Written By: Myles Shin

Is it possible to engineer a program to remember the whole internet? That’s exactly what the startup Diffbot is trying to achieve. Diffbot is a company that utilizes artificial intelligence (AI) in order to extract as much data from the internet as possible. AI is the computational simulation of human intelligence and is responsible for inventions such as Amazon Alexa and self-driving cars. 

AI wasn’t created until the latter half of the 1900s. In 1997, IBM’s supercomputer, Deep Blue, beat Russian grandmaster Garry Kasparov, the international chess champion at the time. Fourteen years of AI research later, IBM’s new supercomputer, Watson, beat Jeopardy’s reigning champions, Brad Rutter and Ken Jennings. Historically, artificial intelligence was used to store an abundance of data/information available later for retrieval. 

Founded in 2008 at Stanford University, the company’s mission is to “build the world’s first comprehensive map of human knowledge” via knowledge graphs. Knowledge graphs compile data from across the internet to help add relevant information to what a user was searching for. For example, if you were to look up Michael Jordan on Google, there would be a profile panel about him on the right side of the screen. This is powered by Google’s knowledge graphs. 

Diffbot’s knowledge graph contains more than double the information of Google’s, with a whopping 1 trillion facts, adding over 130 million facts a month. Google only is able to apply its knowledge graphs to a few of the most popular search terms, like singers and other famous people, places, objects, or events. However, if you were to look up any generic question in the Google search bar, you would only receive links, not the information panel on the right side. Diffbot, on the other hand, is trying to get this type of relevant information for every single search item. Diffbot has been rapidly expanding and already attracted major clients like Microsoft and eBay who now employ the company to strengthen their search engines.

To be able to accomplish the things that Diffbot does, Diffbot needs to be able to scour the internet at lightning speeds. Diffbot uses a high-performance version of Google Chrome in order to sift through the internet as efficiently as possible. It looks through websites as raw pixels and utilizes algorithms to categorize each piece of data. This way, it’s able to look through each page super quickly, spending no unnecessary time on each page. While doing this at such high speeds, Diffbot is able to rate and analyze content to determine whether or not the website it is “reading” is trustworthy, or if the website has up-to-date information.

Another significant application of Diffbot is being able to quickly search throughout the internet rapidly to help companies spot counterfeit goods.
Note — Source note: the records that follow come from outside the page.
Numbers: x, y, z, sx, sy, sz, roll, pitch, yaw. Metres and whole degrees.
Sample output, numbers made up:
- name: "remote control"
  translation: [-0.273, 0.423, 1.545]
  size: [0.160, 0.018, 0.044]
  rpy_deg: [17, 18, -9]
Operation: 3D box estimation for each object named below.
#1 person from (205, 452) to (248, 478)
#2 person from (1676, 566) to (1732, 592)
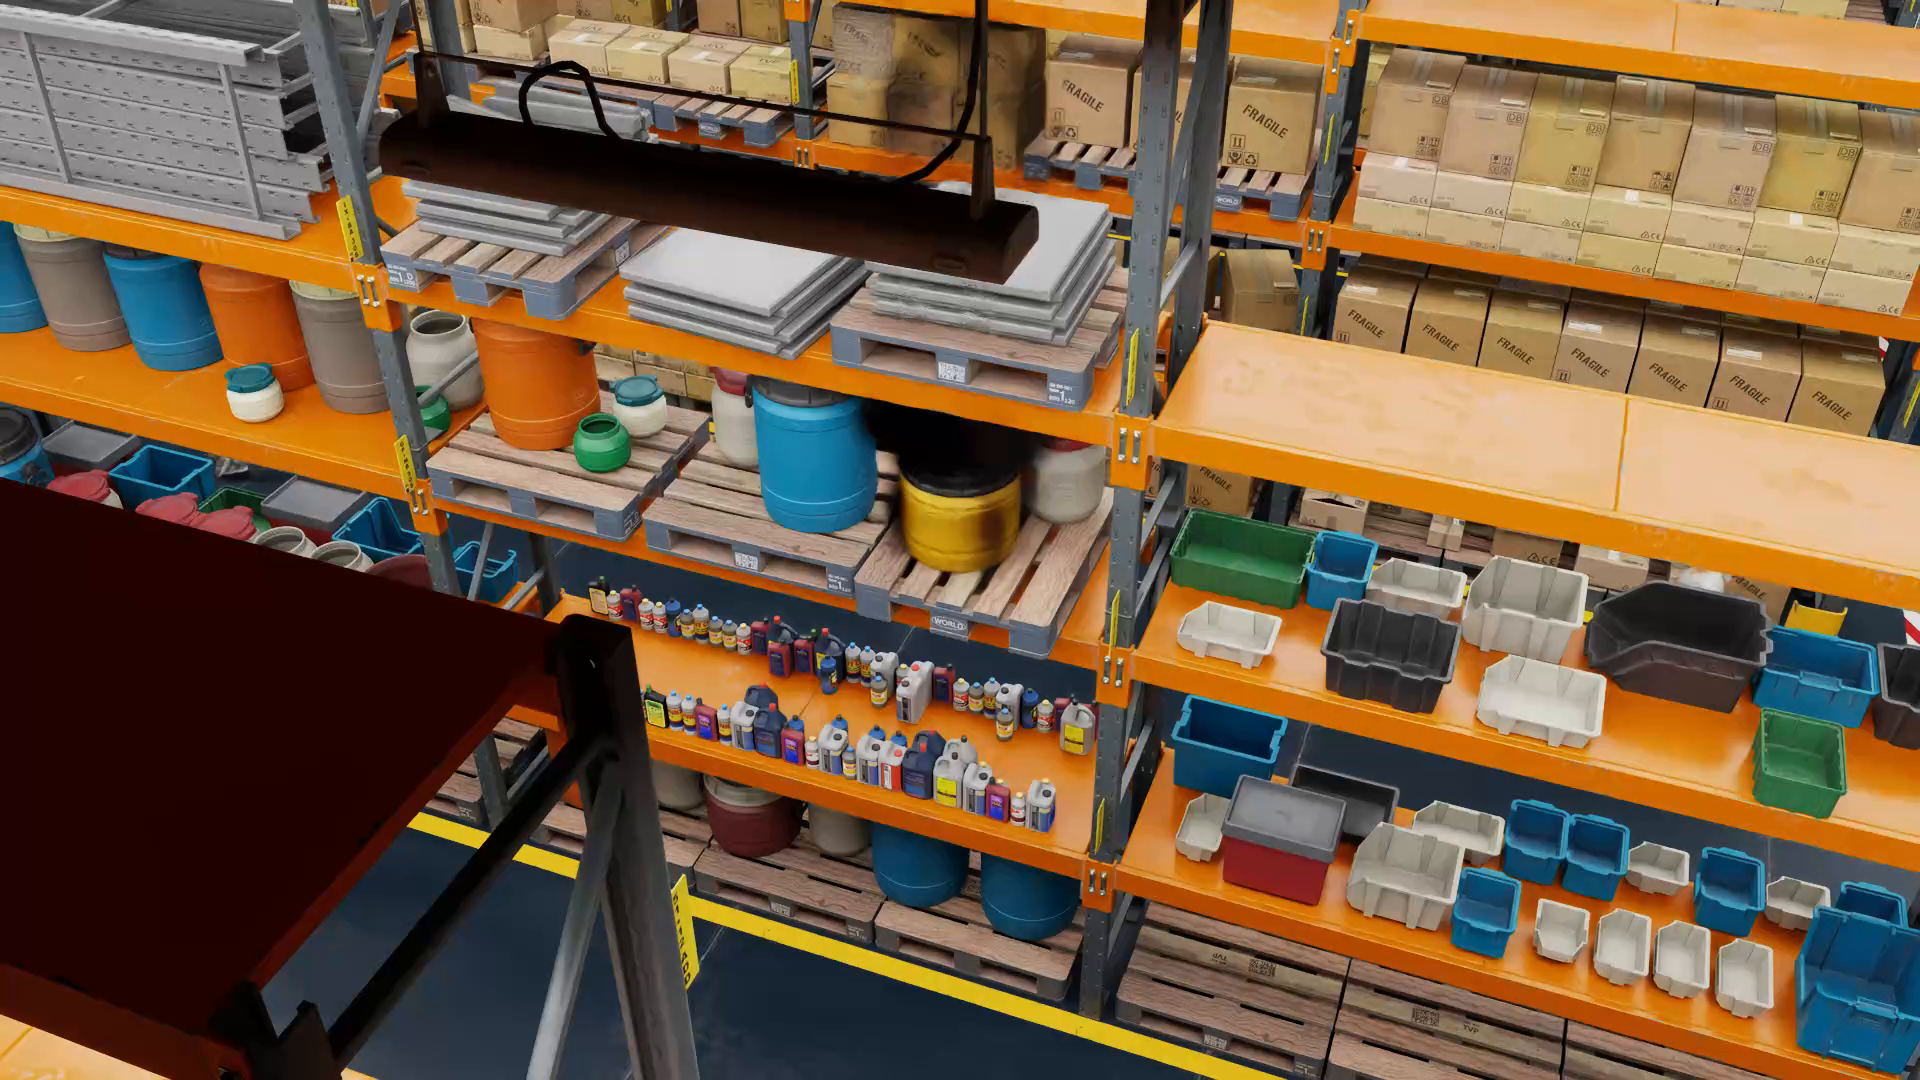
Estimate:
- name: "person"
  translation: [-6.325, -1.220, 13.715]
  size: [0.576, 1.561, 0.534]
  rpy_deg: [2, 37, 3]
- name: "person"
  translation: [4.885, 0.657, 11.104]
  size: [0.801, 1.715, 0.571]
  rpy_deg: [9, 37, 12]

Adidas and Nike both use Diffbot to find all the sites that mention a specific type of shoe, the Adidas Ultraboost for example. Diffbot is able to find every single website that says “Adidas Ultraboost” no matter what language and then give the companies the list of all of the results.

Diffbot has so many future applications that can help improve our quality of life. They can help remove language barriers by creating some sort of earpiece that can translate languages instantaneously or making fully autonomous cars a possibility in the near future. However, Diffbot also may pose some privacy issues. As with any type of AI, there is always the debate about whether our right to privacy is being invaded. Diffbot has spoken on this subject and while they will collect publicly known data, they will not collect sensitive data such as race or political alignments. With Diffbot making sure to protect the privacy of both consumers and search subjects, there truly is only an upside to the wide implementation of Diffbot. With the advent of Diffbot’s all-knowing knowledge graphs and the continual progress by artificial intelligence, there is so much that can be accomplished with these two things working in tandem.